Patriots is a very good TEOTWAWKI manual, in novel format. The author, James Wesley Rawles of Survival Blog strings together many of the potential scenarios that could occur in the aftermath of civilization’s collapse, and demonstrates how those situations might be dealt with. The what and the why are well explained. While some of the situations are not probable, they are possible, and I think the extremes are used to illustrate what to do “just in case.”
The theme of Patriots is financial collapse that set off a chain of events overwhelming our high-tech but extremely fragile civilization. The cause could just as easily have been a limited nuclear war, a plague (natural or man-made), or any of the other TEOTWAWKI scenarios that leave some alive. What matters is what to do if any of those occur.
I consider this book to be essential reading, even considering some of the improbable scenarios. Read this for the information, not the story, or you’ll be disappointed with the dialogue and the lack of character development.

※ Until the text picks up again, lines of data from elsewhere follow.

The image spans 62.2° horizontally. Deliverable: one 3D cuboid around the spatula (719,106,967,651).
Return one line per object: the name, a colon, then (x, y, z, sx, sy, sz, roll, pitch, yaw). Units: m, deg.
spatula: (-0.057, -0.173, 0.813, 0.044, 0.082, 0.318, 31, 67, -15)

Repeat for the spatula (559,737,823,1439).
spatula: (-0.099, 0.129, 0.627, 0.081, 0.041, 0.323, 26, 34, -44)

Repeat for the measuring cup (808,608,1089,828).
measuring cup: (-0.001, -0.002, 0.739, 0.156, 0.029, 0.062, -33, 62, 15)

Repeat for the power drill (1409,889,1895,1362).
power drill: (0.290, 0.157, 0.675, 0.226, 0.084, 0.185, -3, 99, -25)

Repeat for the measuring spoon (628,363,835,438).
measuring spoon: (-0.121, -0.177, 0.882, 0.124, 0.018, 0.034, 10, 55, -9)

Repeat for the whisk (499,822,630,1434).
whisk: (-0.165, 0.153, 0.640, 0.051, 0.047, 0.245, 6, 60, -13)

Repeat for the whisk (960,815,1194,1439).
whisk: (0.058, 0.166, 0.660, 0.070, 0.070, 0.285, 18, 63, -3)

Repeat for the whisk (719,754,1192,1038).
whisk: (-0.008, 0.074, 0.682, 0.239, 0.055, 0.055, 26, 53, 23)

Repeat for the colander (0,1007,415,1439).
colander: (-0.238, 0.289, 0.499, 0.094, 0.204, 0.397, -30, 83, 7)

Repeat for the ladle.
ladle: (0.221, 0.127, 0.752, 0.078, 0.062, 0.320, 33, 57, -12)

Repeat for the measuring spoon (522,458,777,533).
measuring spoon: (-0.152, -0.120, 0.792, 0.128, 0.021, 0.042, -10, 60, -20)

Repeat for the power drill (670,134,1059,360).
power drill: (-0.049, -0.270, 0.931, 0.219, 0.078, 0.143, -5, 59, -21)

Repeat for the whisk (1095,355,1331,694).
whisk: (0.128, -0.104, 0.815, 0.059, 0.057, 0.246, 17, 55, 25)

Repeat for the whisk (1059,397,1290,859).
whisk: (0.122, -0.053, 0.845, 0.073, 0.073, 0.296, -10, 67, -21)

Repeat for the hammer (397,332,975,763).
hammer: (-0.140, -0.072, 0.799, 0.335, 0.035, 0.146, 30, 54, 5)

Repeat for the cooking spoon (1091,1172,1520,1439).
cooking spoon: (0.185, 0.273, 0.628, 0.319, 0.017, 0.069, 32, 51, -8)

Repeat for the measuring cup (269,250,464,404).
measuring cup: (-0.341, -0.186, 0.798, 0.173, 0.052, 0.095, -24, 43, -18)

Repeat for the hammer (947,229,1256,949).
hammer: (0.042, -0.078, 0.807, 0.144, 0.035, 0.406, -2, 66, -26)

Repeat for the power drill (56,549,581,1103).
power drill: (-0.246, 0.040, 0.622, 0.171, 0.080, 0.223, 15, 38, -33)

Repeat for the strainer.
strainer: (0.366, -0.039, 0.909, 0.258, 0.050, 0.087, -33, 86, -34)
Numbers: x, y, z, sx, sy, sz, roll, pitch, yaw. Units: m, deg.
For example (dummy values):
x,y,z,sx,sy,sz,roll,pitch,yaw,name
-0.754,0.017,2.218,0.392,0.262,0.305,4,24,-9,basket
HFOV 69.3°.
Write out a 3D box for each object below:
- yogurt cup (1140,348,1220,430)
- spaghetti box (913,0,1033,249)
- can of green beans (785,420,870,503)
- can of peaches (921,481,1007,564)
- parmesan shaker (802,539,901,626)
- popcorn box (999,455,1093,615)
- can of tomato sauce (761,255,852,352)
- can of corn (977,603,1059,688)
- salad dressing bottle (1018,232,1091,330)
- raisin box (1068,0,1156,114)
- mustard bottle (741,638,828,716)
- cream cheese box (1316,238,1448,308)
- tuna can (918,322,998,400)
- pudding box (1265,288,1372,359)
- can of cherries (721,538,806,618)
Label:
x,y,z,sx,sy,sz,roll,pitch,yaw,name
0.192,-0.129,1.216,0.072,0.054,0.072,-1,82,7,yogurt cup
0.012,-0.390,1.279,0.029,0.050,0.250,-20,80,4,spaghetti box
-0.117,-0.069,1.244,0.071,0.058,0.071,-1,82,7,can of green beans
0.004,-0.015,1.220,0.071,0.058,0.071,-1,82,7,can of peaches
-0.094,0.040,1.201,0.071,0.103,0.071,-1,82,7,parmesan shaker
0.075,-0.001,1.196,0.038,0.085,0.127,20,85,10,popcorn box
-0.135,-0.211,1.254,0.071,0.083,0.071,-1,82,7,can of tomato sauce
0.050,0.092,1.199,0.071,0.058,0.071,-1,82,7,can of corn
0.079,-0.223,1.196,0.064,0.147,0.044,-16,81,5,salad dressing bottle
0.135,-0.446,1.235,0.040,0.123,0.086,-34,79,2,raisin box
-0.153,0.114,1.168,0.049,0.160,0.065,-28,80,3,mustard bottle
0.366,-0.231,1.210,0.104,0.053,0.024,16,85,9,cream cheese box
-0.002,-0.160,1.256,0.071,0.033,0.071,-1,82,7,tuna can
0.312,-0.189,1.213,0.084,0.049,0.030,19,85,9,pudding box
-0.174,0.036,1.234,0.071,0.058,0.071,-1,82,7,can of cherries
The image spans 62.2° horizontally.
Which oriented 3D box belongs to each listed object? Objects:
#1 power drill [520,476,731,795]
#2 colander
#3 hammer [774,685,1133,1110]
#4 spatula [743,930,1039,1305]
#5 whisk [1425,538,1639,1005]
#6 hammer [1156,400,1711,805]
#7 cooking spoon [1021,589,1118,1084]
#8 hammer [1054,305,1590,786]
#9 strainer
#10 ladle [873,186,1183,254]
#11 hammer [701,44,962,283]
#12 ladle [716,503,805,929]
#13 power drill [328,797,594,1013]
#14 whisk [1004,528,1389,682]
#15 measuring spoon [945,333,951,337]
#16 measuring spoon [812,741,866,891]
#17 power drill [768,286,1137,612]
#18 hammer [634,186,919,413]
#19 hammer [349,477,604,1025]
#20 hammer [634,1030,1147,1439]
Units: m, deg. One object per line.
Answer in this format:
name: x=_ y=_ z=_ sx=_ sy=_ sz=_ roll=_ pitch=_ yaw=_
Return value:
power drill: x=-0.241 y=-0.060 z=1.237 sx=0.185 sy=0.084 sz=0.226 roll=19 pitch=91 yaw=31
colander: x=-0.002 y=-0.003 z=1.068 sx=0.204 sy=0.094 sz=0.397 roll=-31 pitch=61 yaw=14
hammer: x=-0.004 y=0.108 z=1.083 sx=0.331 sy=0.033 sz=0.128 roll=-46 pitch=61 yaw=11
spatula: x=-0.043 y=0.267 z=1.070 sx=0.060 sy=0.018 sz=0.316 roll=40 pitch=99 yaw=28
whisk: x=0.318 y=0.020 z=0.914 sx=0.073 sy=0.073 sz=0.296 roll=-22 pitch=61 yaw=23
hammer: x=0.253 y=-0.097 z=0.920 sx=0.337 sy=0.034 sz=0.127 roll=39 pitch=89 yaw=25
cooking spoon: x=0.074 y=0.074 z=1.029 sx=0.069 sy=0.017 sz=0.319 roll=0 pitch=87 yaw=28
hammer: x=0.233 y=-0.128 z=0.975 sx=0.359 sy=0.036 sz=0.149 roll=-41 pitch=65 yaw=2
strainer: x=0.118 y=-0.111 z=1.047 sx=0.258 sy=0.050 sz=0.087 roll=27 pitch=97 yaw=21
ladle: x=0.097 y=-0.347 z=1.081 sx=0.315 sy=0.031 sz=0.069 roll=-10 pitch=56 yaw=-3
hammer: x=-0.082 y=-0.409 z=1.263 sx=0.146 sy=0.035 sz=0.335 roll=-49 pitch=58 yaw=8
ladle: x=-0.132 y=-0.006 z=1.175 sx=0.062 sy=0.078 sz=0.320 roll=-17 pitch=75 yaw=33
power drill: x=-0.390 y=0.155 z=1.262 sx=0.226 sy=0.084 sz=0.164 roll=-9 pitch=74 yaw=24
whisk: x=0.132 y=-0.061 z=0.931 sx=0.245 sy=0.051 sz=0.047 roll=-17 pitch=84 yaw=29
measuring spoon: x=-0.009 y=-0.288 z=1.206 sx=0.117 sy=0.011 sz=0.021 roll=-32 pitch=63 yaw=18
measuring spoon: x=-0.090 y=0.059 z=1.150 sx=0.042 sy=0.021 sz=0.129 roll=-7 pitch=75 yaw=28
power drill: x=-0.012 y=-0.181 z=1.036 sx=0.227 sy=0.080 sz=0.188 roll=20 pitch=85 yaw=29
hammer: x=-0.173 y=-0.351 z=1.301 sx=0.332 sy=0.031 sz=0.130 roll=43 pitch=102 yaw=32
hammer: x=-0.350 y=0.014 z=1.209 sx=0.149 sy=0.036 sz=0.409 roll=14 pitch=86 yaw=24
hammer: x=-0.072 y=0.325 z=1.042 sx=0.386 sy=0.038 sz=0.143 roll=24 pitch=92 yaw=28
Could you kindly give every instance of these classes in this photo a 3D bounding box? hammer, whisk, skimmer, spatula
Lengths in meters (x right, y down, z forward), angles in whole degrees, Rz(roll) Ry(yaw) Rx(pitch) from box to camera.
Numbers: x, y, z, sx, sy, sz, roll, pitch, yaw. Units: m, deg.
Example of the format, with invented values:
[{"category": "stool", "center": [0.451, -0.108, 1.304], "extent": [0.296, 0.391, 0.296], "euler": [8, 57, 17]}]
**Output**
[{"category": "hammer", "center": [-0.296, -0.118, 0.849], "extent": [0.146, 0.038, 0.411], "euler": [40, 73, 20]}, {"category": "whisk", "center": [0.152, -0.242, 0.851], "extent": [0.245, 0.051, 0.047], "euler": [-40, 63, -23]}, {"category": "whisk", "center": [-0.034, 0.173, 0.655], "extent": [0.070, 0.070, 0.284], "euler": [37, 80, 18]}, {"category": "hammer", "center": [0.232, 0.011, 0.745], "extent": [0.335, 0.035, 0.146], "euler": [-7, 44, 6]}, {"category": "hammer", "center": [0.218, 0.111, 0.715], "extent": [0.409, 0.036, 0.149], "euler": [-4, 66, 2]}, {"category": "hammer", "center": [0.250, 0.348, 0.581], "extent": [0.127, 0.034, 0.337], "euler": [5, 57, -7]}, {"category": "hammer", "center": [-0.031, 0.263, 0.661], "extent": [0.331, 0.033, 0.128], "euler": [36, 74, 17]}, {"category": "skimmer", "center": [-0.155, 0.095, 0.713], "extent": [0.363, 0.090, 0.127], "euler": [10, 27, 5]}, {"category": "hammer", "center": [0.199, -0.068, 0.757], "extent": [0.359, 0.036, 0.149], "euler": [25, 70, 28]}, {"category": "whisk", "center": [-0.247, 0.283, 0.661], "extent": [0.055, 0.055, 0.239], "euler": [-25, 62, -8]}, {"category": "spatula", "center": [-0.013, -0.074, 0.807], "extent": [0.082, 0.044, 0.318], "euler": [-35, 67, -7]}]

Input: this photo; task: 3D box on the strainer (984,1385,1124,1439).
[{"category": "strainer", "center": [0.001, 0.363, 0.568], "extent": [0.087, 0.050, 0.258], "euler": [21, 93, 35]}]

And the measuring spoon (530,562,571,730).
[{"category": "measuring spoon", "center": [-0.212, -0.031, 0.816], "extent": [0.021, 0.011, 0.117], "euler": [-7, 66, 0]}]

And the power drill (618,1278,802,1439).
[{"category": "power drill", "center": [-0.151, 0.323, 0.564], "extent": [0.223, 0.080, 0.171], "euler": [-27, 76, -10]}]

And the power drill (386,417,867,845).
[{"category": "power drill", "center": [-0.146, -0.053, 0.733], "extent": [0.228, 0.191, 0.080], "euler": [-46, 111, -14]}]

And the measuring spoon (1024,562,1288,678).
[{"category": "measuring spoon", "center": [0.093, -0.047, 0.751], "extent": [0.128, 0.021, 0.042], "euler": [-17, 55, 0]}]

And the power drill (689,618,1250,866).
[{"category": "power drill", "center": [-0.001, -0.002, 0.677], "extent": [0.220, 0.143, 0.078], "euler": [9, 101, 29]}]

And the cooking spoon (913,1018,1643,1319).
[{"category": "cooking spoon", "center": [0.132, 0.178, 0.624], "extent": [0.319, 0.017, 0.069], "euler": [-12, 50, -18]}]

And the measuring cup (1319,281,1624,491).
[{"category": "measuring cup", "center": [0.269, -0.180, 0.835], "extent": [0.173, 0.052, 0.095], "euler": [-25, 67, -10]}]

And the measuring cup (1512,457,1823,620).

After reading the first five chapters of Patriots over two days – but before reading the sixth – I felt extremely unprepared, relative to the main characters in the book. I’ve always had somewhat of a survivalist mindset and considered myself somewhat squared away, at least with preparations for comfortable sheltering in-place during a minor or short-term catastrophe. But the amount of time, money, research, and detailed planning carried out by the main characters of the book was truly daunting. I wasn’t sure where to get started.
Along came chapter six, “Lawyers, Guns, and Money,” which I suspect chapter was added specifically to allay the fears of those who’d just read the preceding chapters and felt it would be futile to even attempt to prepare.
The brothers who are the main characters of chapter six and seven, do not interact with the characters in the other chapters, and are not mentioned again. Their utility is that they demonstrate how even the completely broke can devise and execute a plan for being prepared. I won’t elaborate further than to say that if they could do it, anyone can – if they are willing to spend the time doing so. That’s the good news of chapters six and seven.
The slightly disturbing news is that, if it offers a window on the authors beliefs, is that some of those beliefs are on the true fringe. For example, the long explanation of why one does not need a drivers license to drive, or a federal firearms license (FFL) to sell guns as a dealer. The same tone as those who say the federal government has no basis for collecting income tax – if you don’t believe their convoluted explanation of laws, you’re an incredibly gullible and ignorant fool.
Some of the things Patriots covers in detail are;
- Selecting group members, firearms, vehicles, and retreats
- Storing/preparing food and access to water
- Training for conflict and defending the home
- Trade and barter
- Dealing with bandits and tyranny
Much more than that, but if you’re reading this you’ll probably of the mindset to read to read the book.
Having said all that, I do have a few additional criticisms.
First and foremost, none of the main characters had children, at least at the outset of the storyline. For all but two of this group, the plan was to get out of Dodge (G.O.O.D) and evacuate to the retreat in Idaho. That is a much easier when not encumbered with young children, as most of us are from our late 20s/early 30s on.
Second, all the spouses/significant others in the book were completely on-board with survivalist preps and the time/financial considerations that takes. That’s realistic if one is of that mindset early enough to limit potential mates to those of like mind, but my hunch is that in the real world many spouses will not go along so easily (actually I speak from experience here, on both criticisms, but that’s for another post – maybe).
If those issues had been addressed with some of the main characters, IMO, the book would have been more complete. Those of us with these issues need to be aware of the additional planning required.
The third criticism – setting the bar too high, especially financially – was partially allayed by chapters six and seven, but not completely. The main characters must have poured tens of thousands of dollars a year into getting ready, which for most people is completely unrealistic.
Fourth is guns. There seems to be a focus on .308 and .45, and a disdain for weapons in 5.56 or 9mm – the AK-47, SKS, and Mosin Nagant barely got any mention whatsoever. Considering how much cheaper those proven firearms are and how much cheaper their ammunition is, I think that’s a grave oversight. Or perhaps it’s not an oversight and the author believes those calibers are inferior, which I would have to absolutely disagree with.
Lastly, legality. Some of the things the characters do, even before the collapse, are illegal. After the collapse it doesn’t matter, but these days it does.
Those that read this book and accept that our globalized civilization is in reality extremely fragile – or already understood that but see some of the potential consequences in Patriots – are likely to be on the path to making some life-changing decisions. If you live in an urban area you may consider moving, or at an absolute minimum making detailed evacuation plans (that’s where I’m at) to a safe place (luckily we do have a place to go).
At just over $10, the author is not out to make money but provide a public service.